The two agencies last year reached a settlement, in which the county acknowledged that a person can only be held for up to 72 hours and agreed to take all steps to safely release or transfer a person to a proper facility when a bed or alternative placement is available. San Benito also agreed to work on expanding supportive housing for people in need of mental health services, among other efforts.
Pederson said Disability Rights believed that the number of beds is sufficient in California, but that obstacles are at every stage, and people would benefit instead from community-based services.
“You have a bottleneck of people going out, bottlenecks of people coming in,” she said. “And we strongly believe that these bottlenecks would be alleviated if people had more meaningful, less restrictive alternatives than hospitals.”
Cabrera said behavioral health directors were running into additional issues: facilities that are “cherry-picking” whom they will accept from counties that are trying to place people in longer-term care, staffing shortages across the state and limiting health insurance funding structures.
It’s not the same way physical health care is structured, she said, and she sees that “practically speaking, in people’s everyday lives, it also leads to a tremendous amount of unnecessary suffering.”
Cabrera also said behavioral health directors were aware of the lack of data and struggle with collecting such information from facilities that aren’t county-operated. Her association sponsored a state bill this year that aims to improve data collection for 5150s.

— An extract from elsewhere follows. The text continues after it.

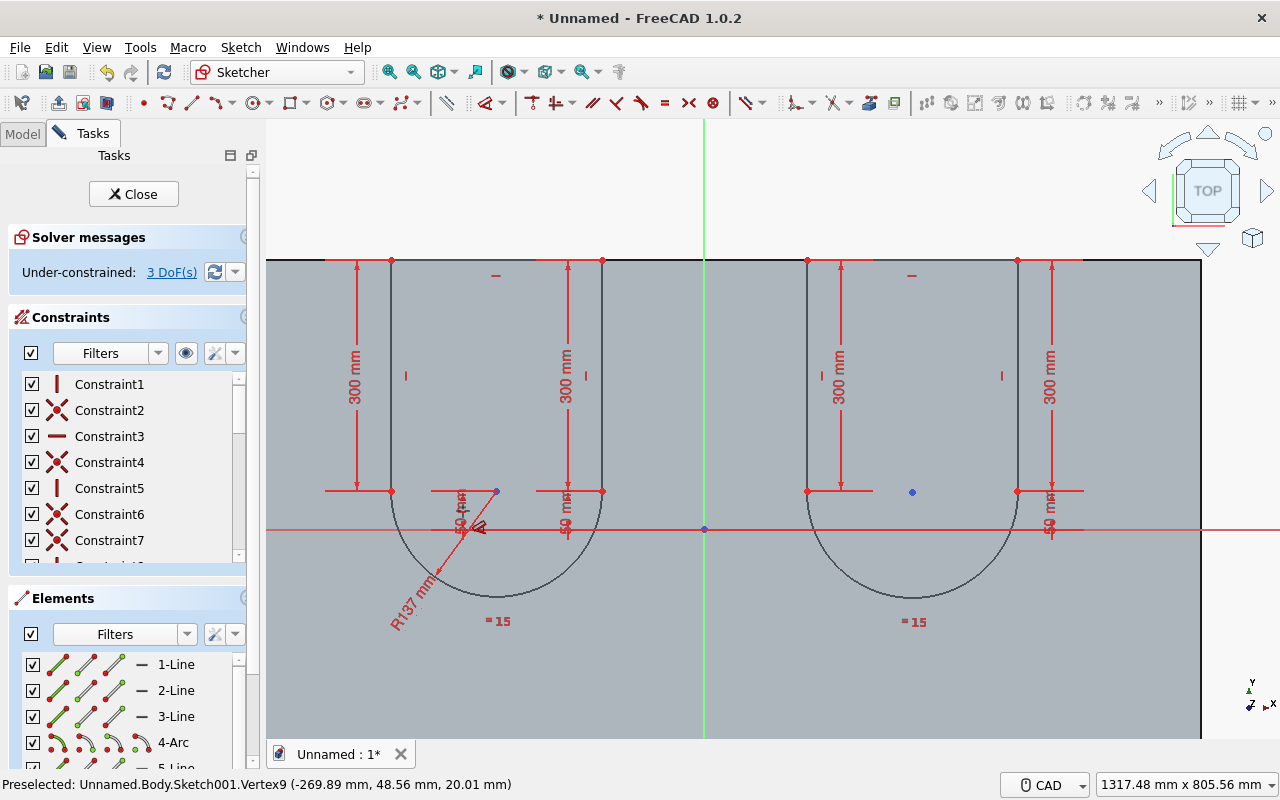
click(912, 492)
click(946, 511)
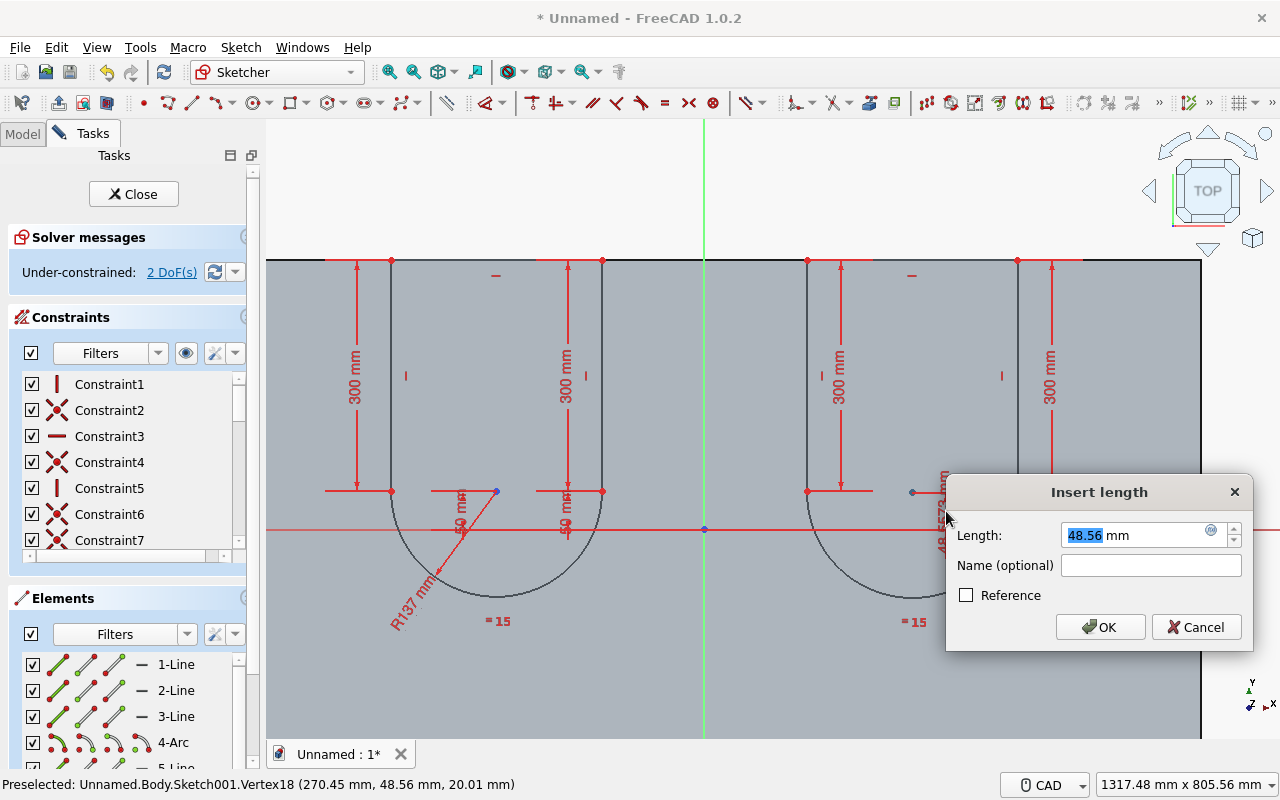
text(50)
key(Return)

The behavioral health directors association said requiring data to be reported with sociodemographic factors would allow officials to identify disparities and “improve the quality of treatment and services available to all Californians.”
“We think it’s a really important thing to be able to have more transparency,” Cabrera said, “and our folks would be really happy to see and be able to know what’s happening in the landscape.”
Another bill, supported by Disability Rights California, seeks to clarify the 72-hour rule for 5150s by specifying that the clock begins at the time of detention, not when someone is admitted to an officially designated facility.
Both bills cleared the state legislature and await action by Gov. Gavin Newsom.